Exercise aim: Transcribe every record beneath, precisely as written.

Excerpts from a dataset
____________________

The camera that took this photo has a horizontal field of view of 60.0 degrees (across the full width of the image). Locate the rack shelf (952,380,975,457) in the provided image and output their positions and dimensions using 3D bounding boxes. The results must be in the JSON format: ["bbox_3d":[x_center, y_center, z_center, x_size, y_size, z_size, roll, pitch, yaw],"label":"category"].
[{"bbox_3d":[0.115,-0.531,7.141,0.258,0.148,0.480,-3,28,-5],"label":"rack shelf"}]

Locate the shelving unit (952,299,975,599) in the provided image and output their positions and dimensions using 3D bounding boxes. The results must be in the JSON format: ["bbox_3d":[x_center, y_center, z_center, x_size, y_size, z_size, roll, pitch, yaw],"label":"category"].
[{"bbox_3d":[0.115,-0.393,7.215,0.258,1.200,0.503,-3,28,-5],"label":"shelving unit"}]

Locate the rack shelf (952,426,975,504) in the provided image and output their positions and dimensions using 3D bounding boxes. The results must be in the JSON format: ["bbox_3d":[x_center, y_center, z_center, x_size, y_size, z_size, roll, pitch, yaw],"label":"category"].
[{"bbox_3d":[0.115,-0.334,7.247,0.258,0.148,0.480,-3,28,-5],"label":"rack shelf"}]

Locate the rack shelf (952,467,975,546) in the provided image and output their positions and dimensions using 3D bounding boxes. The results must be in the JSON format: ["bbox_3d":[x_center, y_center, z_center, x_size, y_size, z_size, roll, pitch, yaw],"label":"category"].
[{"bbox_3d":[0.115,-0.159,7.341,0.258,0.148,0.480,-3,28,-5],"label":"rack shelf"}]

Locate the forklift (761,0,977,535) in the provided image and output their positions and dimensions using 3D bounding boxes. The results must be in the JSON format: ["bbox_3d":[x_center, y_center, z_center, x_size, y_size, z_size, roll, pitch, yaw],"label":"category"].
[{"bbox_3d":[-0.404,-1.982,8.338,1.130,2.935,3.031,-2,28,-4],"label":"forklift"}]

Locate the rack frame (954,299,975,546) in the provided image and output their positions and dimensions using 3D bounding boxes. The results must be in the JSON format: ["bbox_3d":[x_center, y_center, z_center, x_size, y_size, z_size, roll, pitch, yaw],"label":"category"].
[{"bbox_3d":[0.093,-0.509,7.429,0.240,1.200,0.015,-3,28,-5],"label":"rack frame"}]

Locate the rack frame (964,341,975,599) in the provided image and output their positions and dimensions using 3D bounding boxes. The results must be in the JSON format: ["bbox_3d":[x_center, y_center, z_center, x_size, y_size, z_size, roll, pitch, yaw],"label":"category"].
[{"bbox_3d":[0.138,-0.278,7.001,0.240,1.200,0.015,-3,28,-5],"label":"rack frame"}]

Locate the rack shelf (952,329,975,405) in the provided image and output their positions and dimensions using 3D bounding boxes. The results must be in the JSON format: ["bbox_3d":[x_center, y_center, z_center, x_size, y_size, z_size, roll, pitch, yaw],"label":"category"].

____________________

Exercise result:
The camera that took this photo has a horizontal field of view of 60.0 degrees (across the full width of the image). Locate the rack shelf (952,380,975,457) in the provided image and output their positions and dimensions using 3D bounding boxes. The results must be in the JSON format: ["bbox_3d":[x_center, y_center, z_center, x_size, y_size, z_size, roll, pitch, yaw],"label":"category"].
[{"bbox_3d":[0.115,-0.531,7.141,0.258,0.148,0.480,-3,28,-5],"label":"rack shelf"}]

Locate the shelving unit (952,299,975,599) in the provided image and output their positions and dimensions using 3D bounding boxes. The results must be in the JSON format: ["bbox_3d":[x_center, y_center, z_center, x_size, y_size, z_size, roll, pitch, yaw],"label":"category"].
[{"bbox_3d":[0.115,-0.393,7.215,0.258,1.200,0.503,-3,28,-5],"label":"shelving unit"}]

Locate the rack shelf (952,426,975,504) in the provided image and output their positions and dimensions using 3D bounding boxes. The results must be in the JSON format: ["bbox_3d":[x_center, y_center, z_center, x_size, y_size, z_size, roll, pitch, yaw],"label":"category"].
[{"bbox_3d":[0.115,-0.334,7.247,0.258,0.148,0.480,-3,28,-5],"label":"rack shelf"}]

Locate the rack shelf (952,467,975,546) in the provided image and output their positions and dimensions using 3D bounding boxes. The results must be in the JSON format: ["bbox_3d":[x_center, y_center, z_center, x_size, y_size, z_size, roll, pitch, yaw],"label":"category"].
[{"bbox_3d":[0.115,-0.159,7.341,0.258,0.148,0.480,-3,28,-5],"label":"rack shelf"}]

Locate the forklift (761,0,977,535) in the provided image and output their positions and dimensions using 3D bounding boxes. The results must be in the JSON format: ["bbox_3d":[x_center, y_center, z_center, x_size, y_size, z_size, roll, pitch, yaw],"label":"category"].
[{"bbox_3d":[-0.404,-1.982,8.338,1.130,2.935,3.031,-2,28,-4],"label":"forklift"}]

Locate the rack frame (954,299,975,546) in the provided image and output their positions and dimensions using 3D bounding boxes. The results must be in the JSON format: ["bbox_3d":[x_center, y_center, z_center, x_size, y_size, z_size, roll, pitch, yaw],"label":"category"].
[{"bbox_3d":[0.093,-0.509,7.429,0.240,1.200,0.015,-3,28,-5],"label":"rack frame"}]

Locate the rack frame (964,341,975,599) in the provided image and output their positions and dimensions using 3D bounding boxes. The results must be in the JSON format: ["bbox_3d":[x_center, y_center, z_center, x_size, y_size, z_size, roll, pitch, yaw],"label":"category"].
[{"bbox_3d":[0.138,-0.278,7.001,0.240,1.200,0.015,-3,28,-5],"label":"rack frame"}]

Locate the rack shelf (952,329,975,405) in the provided image and output their positions and dimensions using 3D bounding boxes. The results must be in the JSON format: ["bbox_3d":[x_center, y_center, z_center, x_size, y_size, z_size, roll, pitch, yaw],"label":"category"].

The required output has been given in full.